◆ **EXERCISE**: Below this line is a listing that includes pictures. Copy exactly, and only, the lines from the one containing "What is the total" through the one containing "Answer: Inner Reflection"; the pictures do not go in the copy.

◆ **RECORDS FOR THIS EXERCISE**:

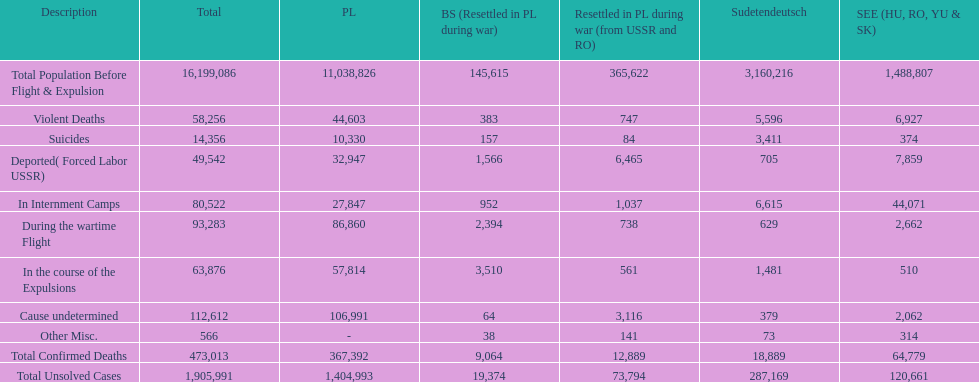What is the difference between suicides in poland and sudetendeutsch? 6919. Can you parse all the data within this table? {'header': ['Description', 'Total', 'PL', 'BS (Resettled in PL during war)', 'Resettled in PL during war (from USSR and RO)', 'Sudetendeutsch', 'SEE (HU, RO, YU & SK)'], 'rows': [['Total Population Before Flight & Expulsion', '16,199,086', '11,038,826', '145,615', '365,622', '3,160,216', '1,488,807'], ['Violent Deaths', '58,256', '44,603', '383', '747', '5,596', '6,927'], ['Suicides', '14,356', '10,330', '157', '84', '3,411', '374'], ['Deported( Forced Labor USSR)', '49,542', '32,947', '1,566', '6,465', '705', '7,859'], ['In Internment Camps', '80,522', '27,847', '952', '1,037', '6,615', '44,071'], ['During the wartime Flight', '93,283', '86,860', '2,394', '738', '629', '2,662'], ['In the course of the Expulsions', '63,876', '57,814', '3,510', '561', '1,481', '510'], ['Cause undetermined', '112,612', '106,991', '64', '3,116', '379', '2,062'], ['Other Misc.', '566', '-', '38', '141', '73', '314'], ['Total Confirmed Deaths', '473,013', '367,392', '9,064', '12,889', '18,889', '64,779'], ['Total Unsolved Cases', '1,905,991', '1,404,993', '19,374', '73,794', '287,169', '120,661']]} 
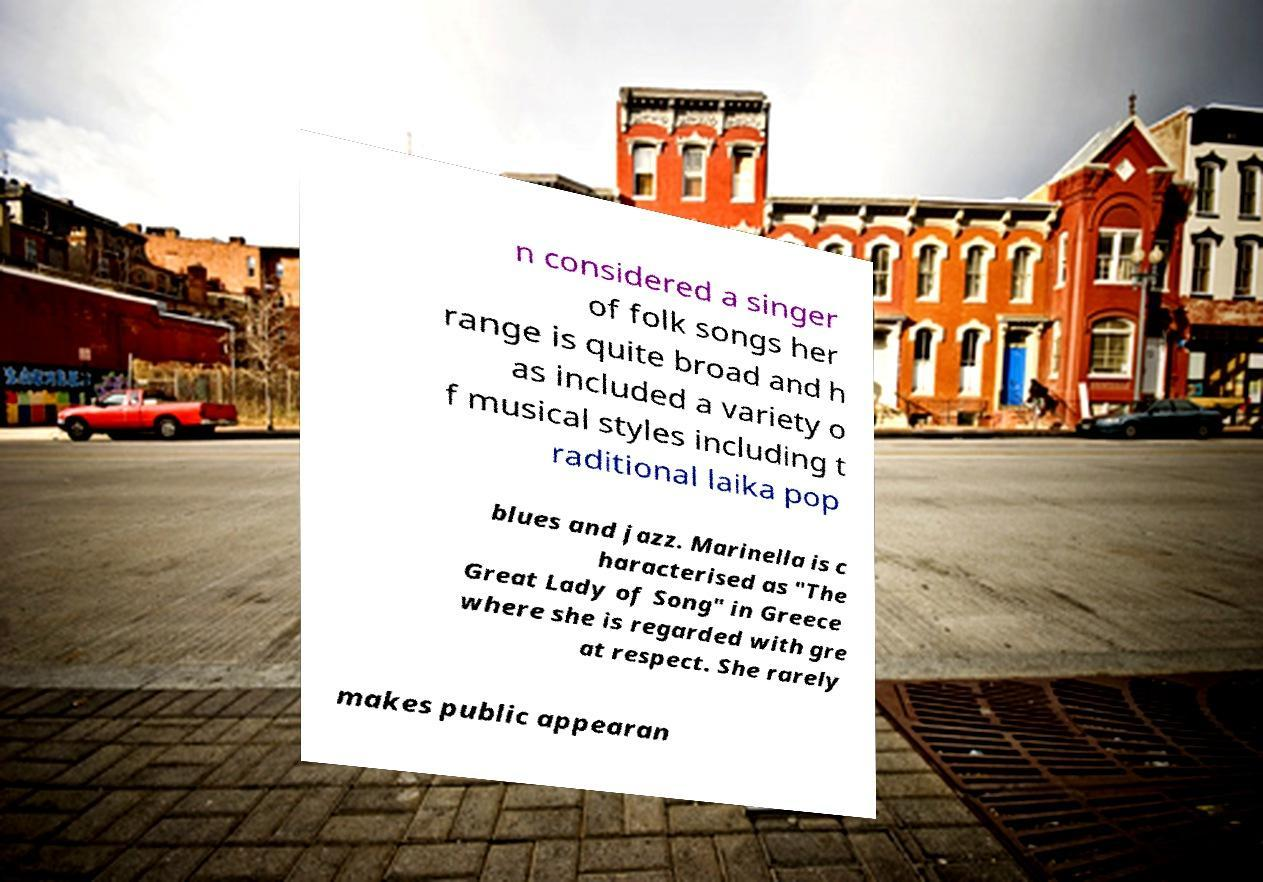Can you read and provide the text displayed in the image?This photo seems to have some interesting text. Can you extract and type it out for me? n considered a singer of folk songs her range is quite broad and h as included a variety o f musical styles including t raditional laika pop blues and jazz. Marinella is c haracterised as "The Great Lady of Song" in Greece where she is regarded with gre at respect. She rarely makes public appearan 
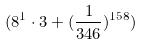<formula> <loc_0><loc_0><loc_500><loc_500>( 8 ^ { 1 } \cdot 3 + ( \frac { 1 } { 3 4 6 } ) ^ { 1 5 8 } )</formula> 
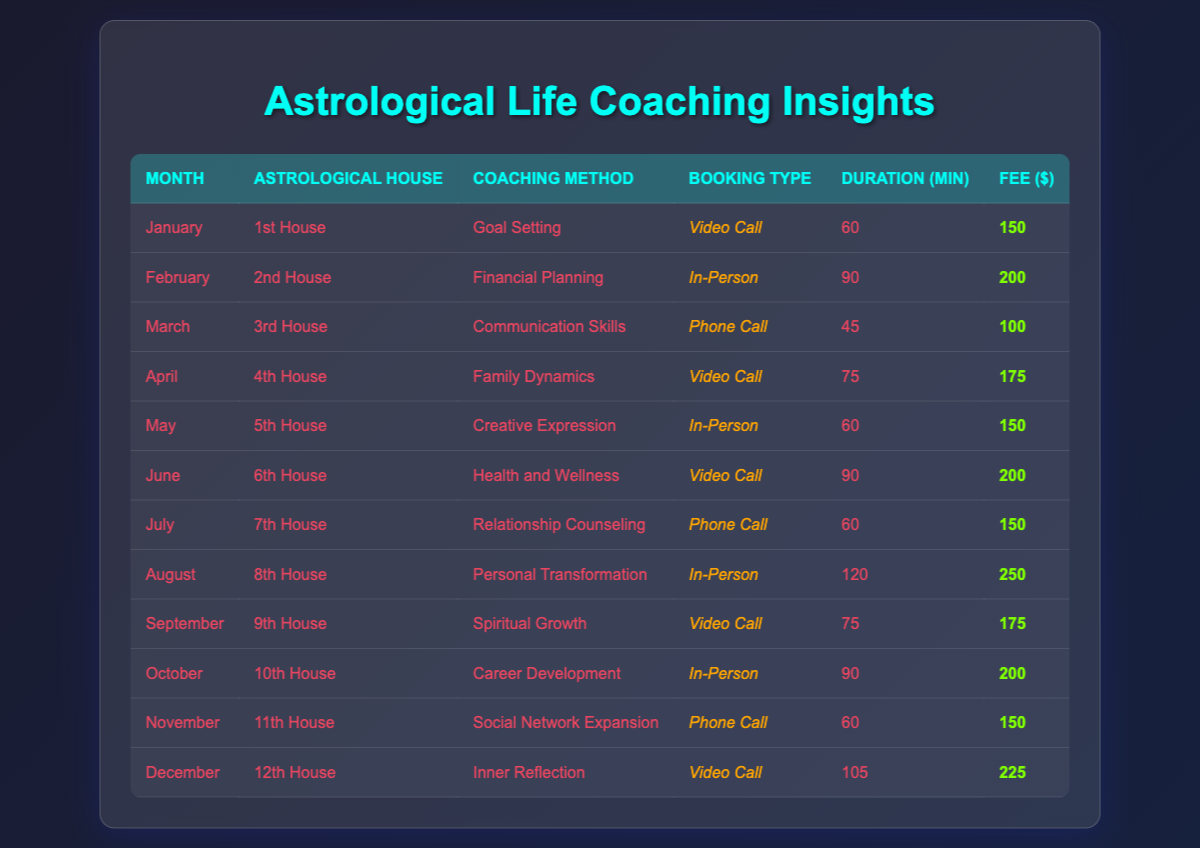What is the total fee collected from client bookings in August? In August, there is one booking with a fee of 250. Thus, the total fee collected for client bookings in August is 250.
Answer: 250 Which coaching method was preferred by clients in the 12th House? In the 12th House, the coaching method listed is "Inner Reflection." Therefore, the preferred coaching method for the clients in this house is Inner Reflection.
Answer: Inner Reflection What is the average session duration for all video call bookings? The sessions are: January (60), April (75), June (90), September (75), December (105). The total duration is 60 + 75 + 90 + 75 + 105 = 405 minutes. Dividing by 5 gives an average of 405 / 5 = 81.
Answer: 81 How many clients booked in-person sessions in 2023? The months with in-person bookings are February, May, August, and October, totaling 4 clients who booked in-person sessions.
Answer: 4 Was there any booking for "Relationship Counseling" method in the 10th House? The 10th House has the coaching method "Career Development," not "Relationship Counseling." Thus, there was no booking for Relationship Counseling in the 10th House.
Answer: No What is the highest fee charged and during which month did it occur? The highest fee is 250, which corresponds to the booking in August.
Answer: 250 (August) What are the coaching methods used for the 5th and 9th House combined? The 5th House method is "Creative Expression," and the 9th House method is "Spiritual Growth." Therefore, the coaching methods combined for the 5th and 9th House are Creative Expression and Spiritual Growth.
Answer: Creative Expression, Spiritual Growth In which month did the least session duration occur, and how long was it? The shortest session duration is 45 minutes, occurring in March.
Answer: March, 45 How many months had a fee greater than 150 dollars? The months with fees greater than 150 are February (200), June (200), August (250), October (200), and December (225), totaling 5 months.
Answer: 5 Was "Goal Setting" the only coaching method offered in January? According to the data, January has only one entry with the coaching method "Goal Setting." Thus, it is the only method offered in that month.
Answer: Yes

◆ **TASK SOLUTION**:
What is the total fee collected from client bookings in August? In August, there is one booking with a fee of 250. Thus, the total fee collected for client bookings in August is 250.
Answer: 250 Which coaching method was preferred by clients in the 12th House? In the 12th House, the coaching method listed is "Inner Reflection." Therefore, the preferred coaching method for the clients in this house is Inner Reflection.
Answer: Inner Reflection What is the average session duration for all video call bookings? The sessions are: January (60), April (75), June (90), September (75), December (105). The total duration is 60 + 75 + 90 + 75 + 105 = 405 minutes. Dividing by 5 gives an average of 405 / 5 = 81.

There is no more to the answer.